As it turned out, most of the daring concepts that are imbedded in the story line have become more relevant to our modern time than to the time frame in which the project was launched. Perhaps the reason is that we face ever-increasing threats in today's world that put into question the survival of our civilization. These threats have grown so enormously in recent years that the nuclear bomb threat that one dominated the Cold War era, is but one of many now, and not the most severe one among them, according to all evidence.

I will touch upon some of the modern threats later, within the context of dealing with the myriad dimensions of love for which this overview project has been created. The project has been created in a different context than the novels. It has been created to provide some brief glimpses of the multifaceted nature of universal love in the social and sexual domains at the grassroots level. In order to accomplish this rather ambitious task more easily, I have prepared a collection of twenty-eight excerpts from the five volume work, that by their nature can stand alone as unique stories. They illustrate in part the wide range of concepts that evolve in the process of the discovery of universal love. The excerpts are presented out of sequence so as not to give away the story line. Also, they have been carefully selected with this objective in mind.

 

 Story 1

 

The first of the twenty-five stories bears the title, ^Lianhua.^ The story deals with the broad, timeless, universal dimension of the principle of universal love. It spans ages, cultures, creeds, and the boundaries of customs and nations.

It should be noted that this is not how the series of novels begins. The series begins with what one might encounter in real terms, in a person's unfolding exploration of the principle of universal love. It begins on an uncertain note, since the principle of universal love will have to be discovered first, which is not an easy thing to do, which may be perplexing and liable to fail in many ways. For this reason, the story line of the novel begins with the most likely scenario, a gigantic flop.

The challenges that are involved in coming to terms with the demands of universal love in the social and sexual domain, are naturally exciting, but they can also be quite overwhelming. The process involves discoveries from a domain that has itself not yet been discovered. We have been trained for centuries to believe that marriage and universal love can't mix, and if it is attempted, we will inevitably drive ourselves into impossible situations where all hell breaks loose.
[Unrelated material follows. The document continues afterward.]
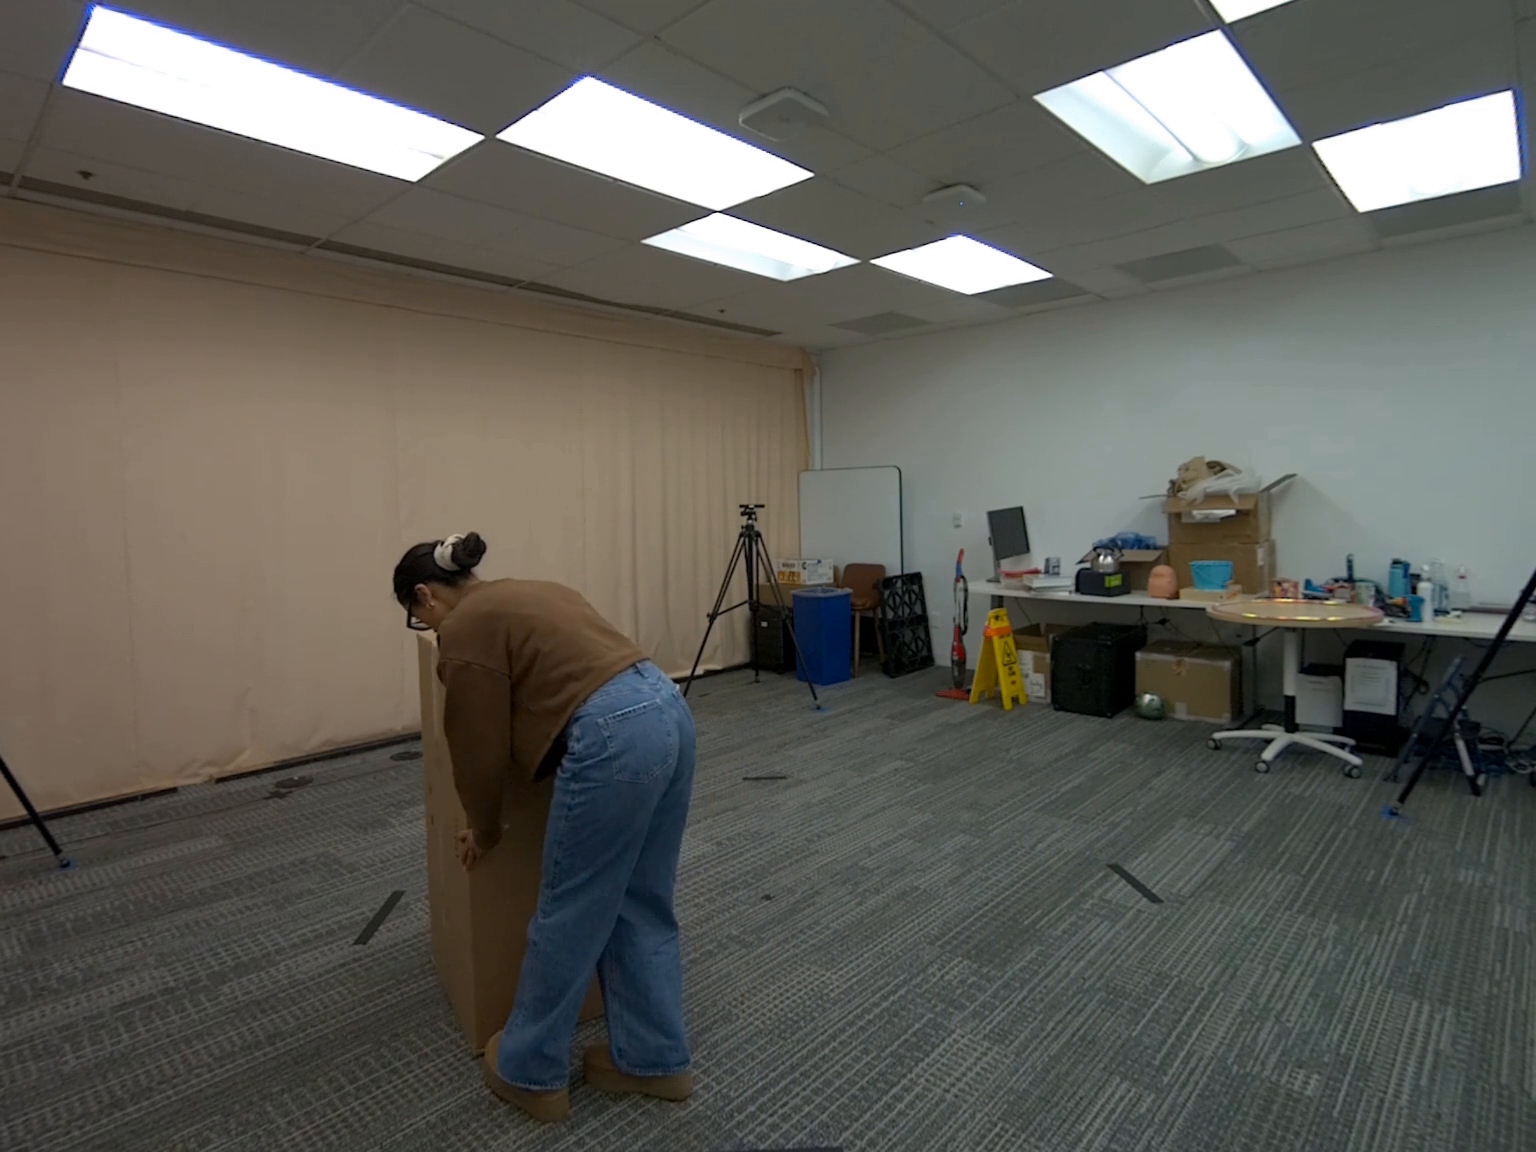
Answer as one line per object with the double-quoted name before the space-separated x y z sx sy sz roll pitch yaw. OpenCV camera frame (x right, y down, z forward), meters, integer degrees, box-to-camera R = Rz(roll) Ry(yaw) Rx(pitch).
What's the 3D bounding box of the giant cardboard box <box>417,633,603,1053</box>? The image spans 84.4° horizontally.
"giant cardboard box" -0.734 0.690 2.468 0.415 1.024 0.594 -3 2 -32

Thus, we have been inclined to follow this script.

That's how the struggle begins, doesn't it? A paradox begins to unfold between the script and what we feel in our heart, and see with our eyes, and recognize at the depth of our Soul to be true. And the demand to acknowledge what is true won't go away. It prods us to accept what our honesty with ourselves, imposes. Gradually, we begin to respond to what we recognize to be real, and accept the principle of universal love to be real, that is imbedded in our humanity and continuously makes its demands on us to acknowledge its reality. In struggling with this paradox the complications begin. That's how the story line of the novels starts, which of course, is too complex to be carried within the framework of little stories. The little stories are useful, though, as snippets of the larger flow as they single out from it a number of rather unique elements, like the one that unfolds in the second story presented here.

 

 Story 2

 

We sometimes encounter a certain irony in life, in that we find it easier to be honest to one another about terrible horrors we may have witnessed, than to be honest to one another about deeply unfolding feelings of love, especially when the feelings of love fall outside the commonly accepted axioms. Is this rational? No! How then is it that we sooner talk about anything else, except what our innermost thoughts are focused on?

I am sure that countless reasons can be cited why this is so. One of these may be an attempt to hide our love behind a veil of pity, and to attract love through pity.

Ultimately, such a diversion is not conducive to enrich one another's existence, which should be the object of one's love. But it can be an expression of a great love just to quietly listen to another, especially in cases of experiences that are not easily told, as in the second story, ^Shoot Them.^

 Story 3

 

There are certain tricks that we have invented that allow us to talk about love without ever having to make a commitment to it. One of these is to transpose the subject into the academic domain, or into the realm of dreams.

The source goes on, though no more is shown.